Esses números posicionam sozinho o povo japonês no alto do pódio da disputa pela maior circulação de jornais impressos. É importante notar que a invasão dos eletro-eletrônicos como a televisão, o vídeo e os computadores com a variável gama de modelos não é, pelo menos até agora, motivo para justificar uma possível queda nos índices de leitura, como se afirma em outros países, entre eles o Brasil. Verifica-se a relativa queda de tiragem dos jornais é motivada por outras razões, entre elas a falta de credibilidade combinada com a ausência de renovação nos conteúdos editoriais. Mesmo o Japão já sente as vagas que atingem os jornais impressos em todo o mundo e despertam a hipótese sobre uma inevitável e gradual queda nos índices de leitura, tendência detectada nos últimos anos em vários países europeus principalmente.

Mesmo assim, vale destacar os números grandiosos desse portentoso jornal:  

Tiragem matutina

10,4 milhões

Tiragem vespertina 4 milhões
Tiragem da edição em língua inglesa 150 mil
Assinantes 10,6 milhões
Jornalistas no Japão 1.300
Jornalistas no Exterior 40
Número de rotativas de alta velocidade 60
Número de oficinas 22 (em Osaka, Nagoya e Fukuoka)
Pontos de distribuição 8.600
Número de entregadores para assinantes 106.000
Número de aeronaves para transporte de jornalistas
(jatos e helicópteros)
7

Fonte: ABREU, Marcelo. O maior jornal do mundo, in Continente Multicultural, Recife:
Companhia Editora de Pernambuco, ano IV, nº 36, janeiro de 2004.

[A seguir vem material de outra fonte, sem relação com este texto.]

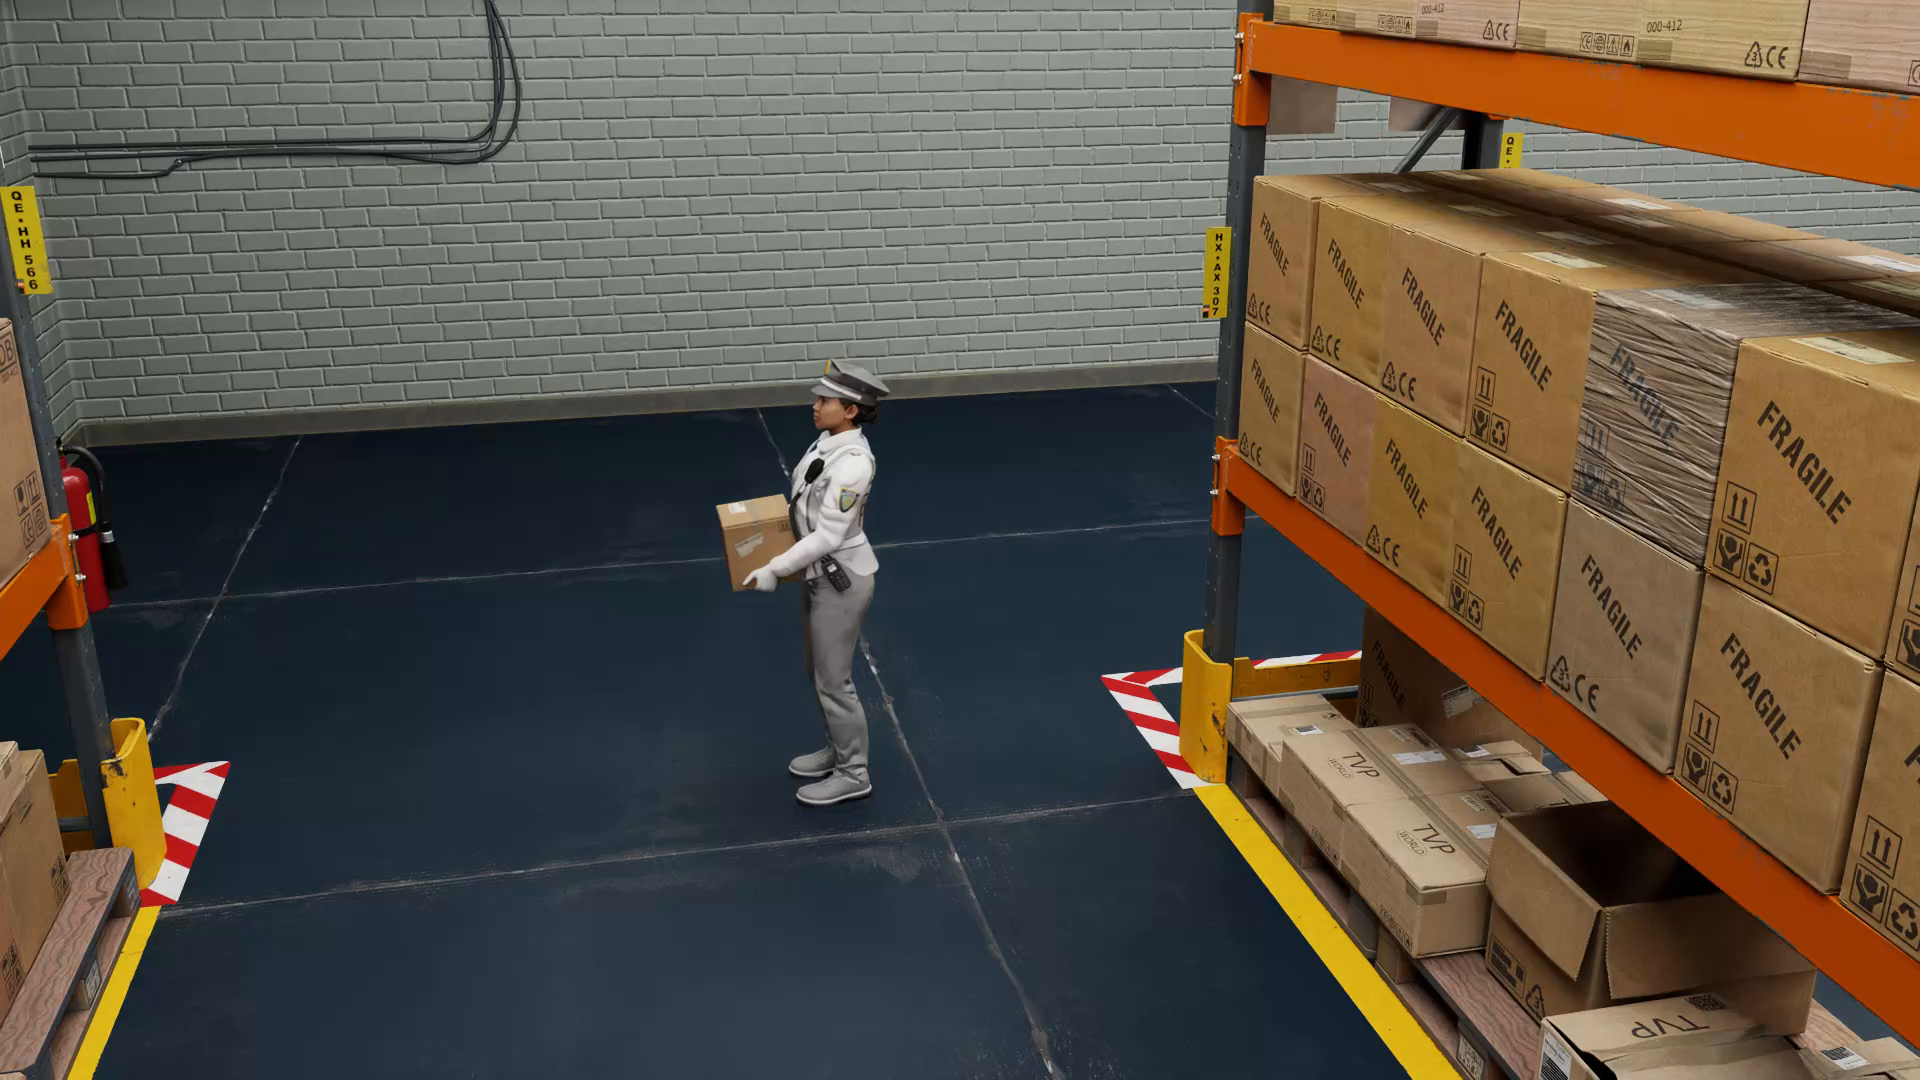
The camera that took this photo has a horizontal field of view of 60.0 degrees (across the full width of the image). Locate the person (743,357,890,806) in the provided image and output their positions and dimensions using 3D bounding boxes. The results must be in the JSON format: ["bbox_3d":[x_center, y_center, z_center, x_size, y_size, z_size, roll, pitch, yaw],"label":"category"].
[{"bbox_3d":[-0.531,0.149,6.116,0.556,1.686,0.454,-4,20,-12],"label":"person"}]
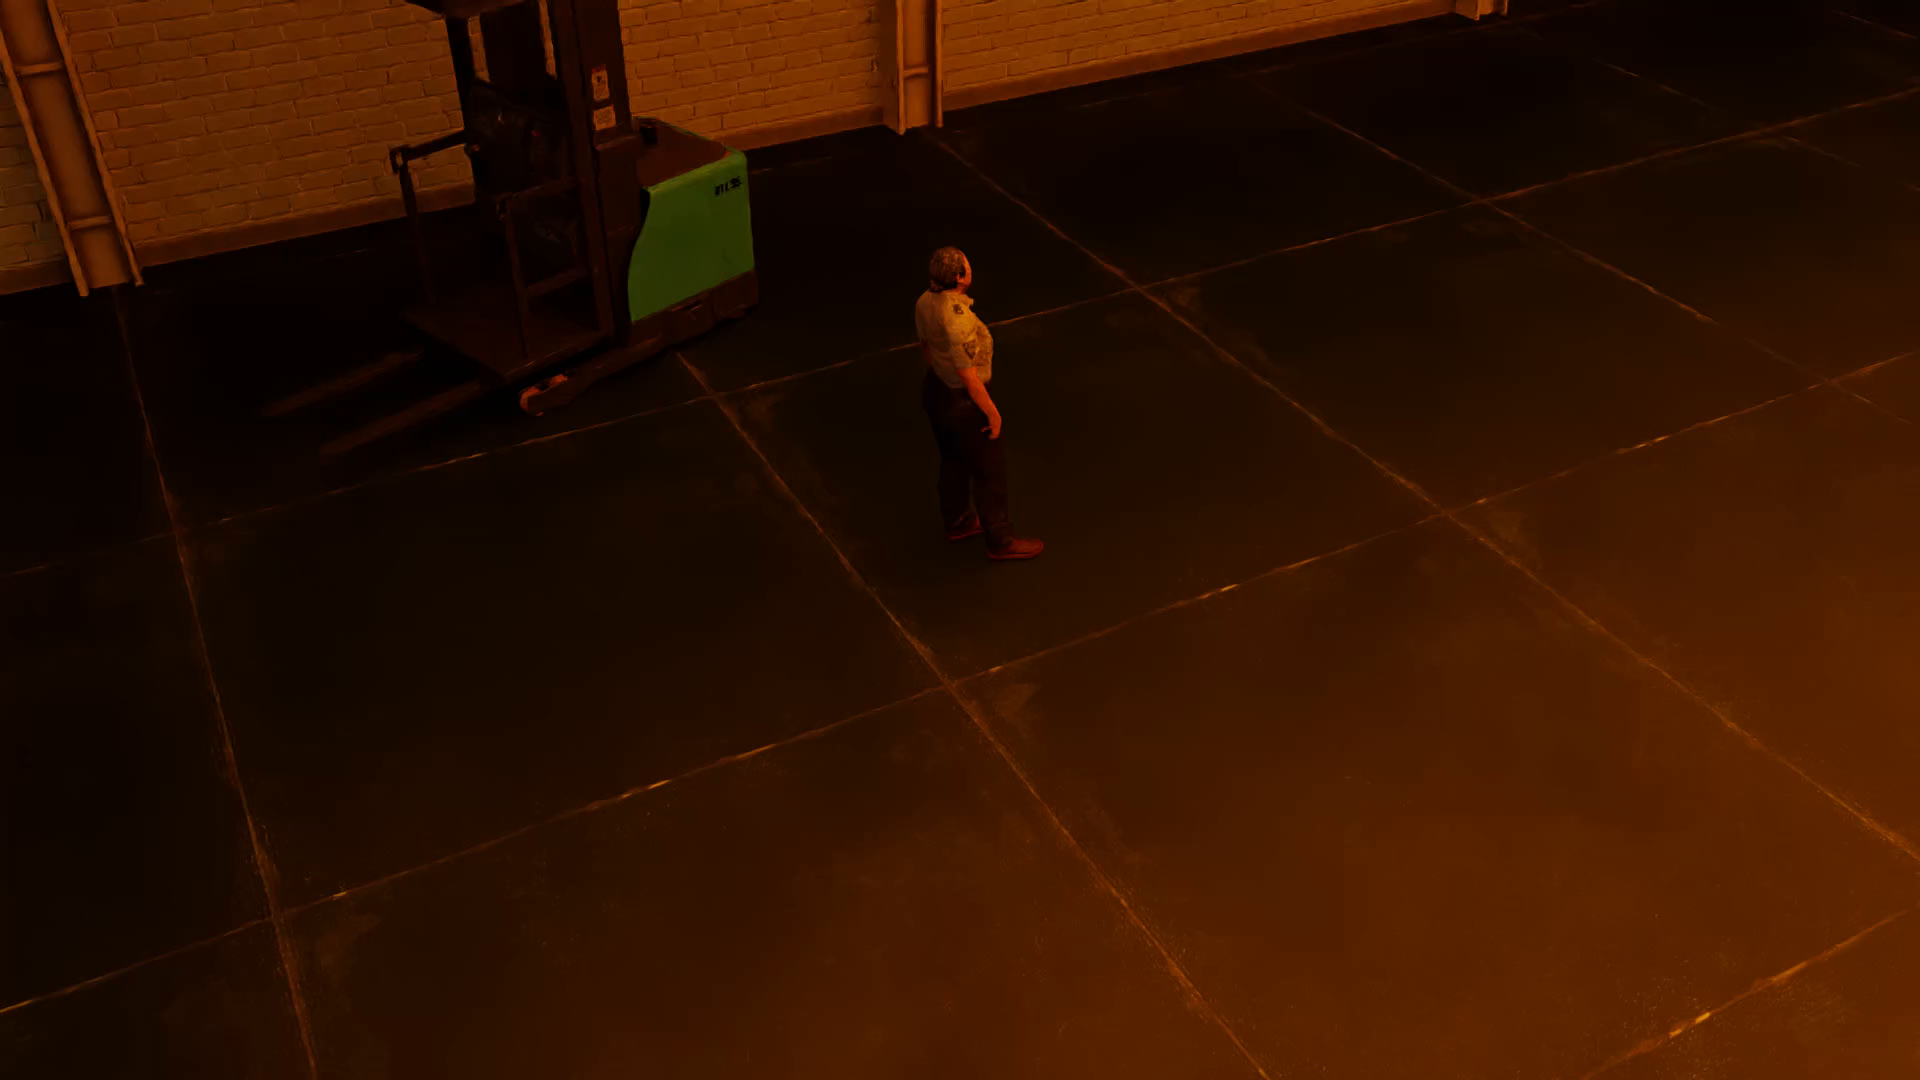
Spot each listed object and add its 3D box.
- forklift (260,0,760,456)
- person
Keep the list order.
[{"bbox_3d":[-2.651,-2.247,9.302,1.130,2.935,3.031,27,44,33],"label":"forklift"},{"bbox_3d":[0.090,-0.688,8.203,0.502,1.642,0.599,-17,39,-23],"label":"person"}]

Mas as tiragens excepcionais não param aí. O Japão tem outros quatros diários que circulam com tiragens elevadas para os padrões mundiais. Os títulos e circulação são os seguintes:

Yumiuri Shimbun  14,4 milhões
Asahi Shimbun 12,3 milhões (8,3 milhões na edição matutino e 4 milhões na vespertina)
Mainichi Shimbun 5,6 milhões
Nihon Keizai Shimbun 4,7 milhões
Chunichi Shimbun 4,5 milhões  

Fonte: Associação Mundial de Jornais (WAN) 2003.

Os cinco jornais com maior circulação no Japão somam 41,5 milhões de exemplares, quantidade inatingível por qualquer outro país até hoje. Destaca-se ainda o Tokyo Sports, jornal especializado em esportes, cuja circulação média é de dois milhões 425 exemplares, um número bastante elevado para uma publicação desse segmento.

Europa – Apesar de o jornalismo industrial, massivo[vii], ter sido inventado nos EUA, a Europa é o berço da imprensa, das folhas volantes e dos libelos que no final do século XVIII passaram a ser chamados de jornais. A Revolução Francesa foi o marco político e social que encontra nesse tipo de publicação contundente e panfletária o meio pelo qual as idéias sobre o Estado de Direito e sobre a cidadania sustentada no lema “liberdade, igualdade e fraternidade” tomam conta dos cafés e das praças. Ainda não se vivia a era da imprensa de massa, mas periódicos como o Gazette Universelle era produzido em prensas de madeira, o que exigia tempo, paciência e um número elevado de trabalhadores para confeccionar os 11 mil exemplares diários[viii]. Nesse ano de 1792, o Brasil colônia desconhecia a prensa e muito menos o periódico, artigos censurados pela corte portuguesa impermeável a qualquer arroubo de democracia. Popkin ( in DARTON & ROCHE, 1996, 207) afirma que “O catálogo da Bibliothèque Nationale lista 184 periódicos lançados em Paris em 1789 e 335 em 1790. A maioria era de empreendimentos efêmeros que duravam um ou dois números, mas em vários momentos durante a Revolução os leitores podiam escolher entre uma centena ou mais de jornais políticos (...) Em 1791, uma grande e bem estabelecida sala de leitura de jornais em Paris esperava satisfazer sua clientela com uma oferta de 33 jornais; uma concorrente mais barata contentava-se com apenas dezesseis.”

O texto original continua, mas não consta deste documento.